Robarlos presenta ya dificultades, porque no existe ningún lugar en el que se encuentre reunida semejante suma, salvo en Fort Knox en el caso del oro, en Washington, donde se imprimen los dólares en billetes, y en Denver, Filadelfia y San Francisco, donde se acuñan las monedas. Y, suponiendo que se consiga apoderarse de ciento y pico millones de dólares en uno de esos lugares, seguro que se descubrirá el robo rápidamente. Se sabrá cómo se ha cometido y por quién y no hay demasiados países que denieguen la extradición de ladrones.
Los Siete conocían el medio para robar cien millones y pico de dólares sin que se advirtiera, sin necesidad de correr ni antes ni después del robo, sin el menor riesgo de ser identificados.
Sin salir de su colegio de Harvard.
Habrían podido robar mucho más de cien millones y pico, pero cien millones y pico les bastaban para lo que habían de hacer.
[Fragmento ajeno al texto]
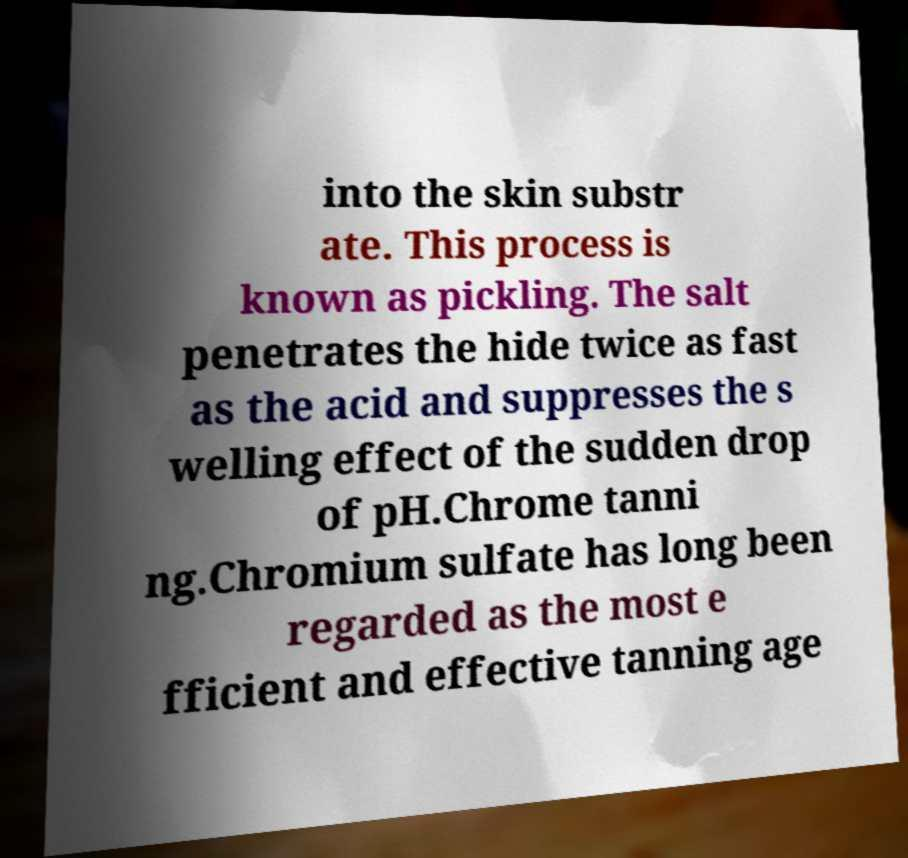Please identify and transcribe the text found in this image. into the skin substr ate. This process is known as pickling. The salt penetrates the hide twice as fast as the acid and suppresses the s welling effect of the sudden drop of pH.Chrome tanni ng.Chromium sulfate has long been regarded as the most e fficient and effective tanning age

No robaron ni oro ni billetes y menos aún monedas y tampoco diamantes: nada tan visible.
Robaron valores mobiliarios.
Es decir, títulos negociables que representan derechos de socios de sociedades como la General Motors, International Business Machine o American Telegraph & Telephone, es decir, derechos de deudores que pueden reportar rentas a sus titulares: en una palabra, acciones y obligaciones.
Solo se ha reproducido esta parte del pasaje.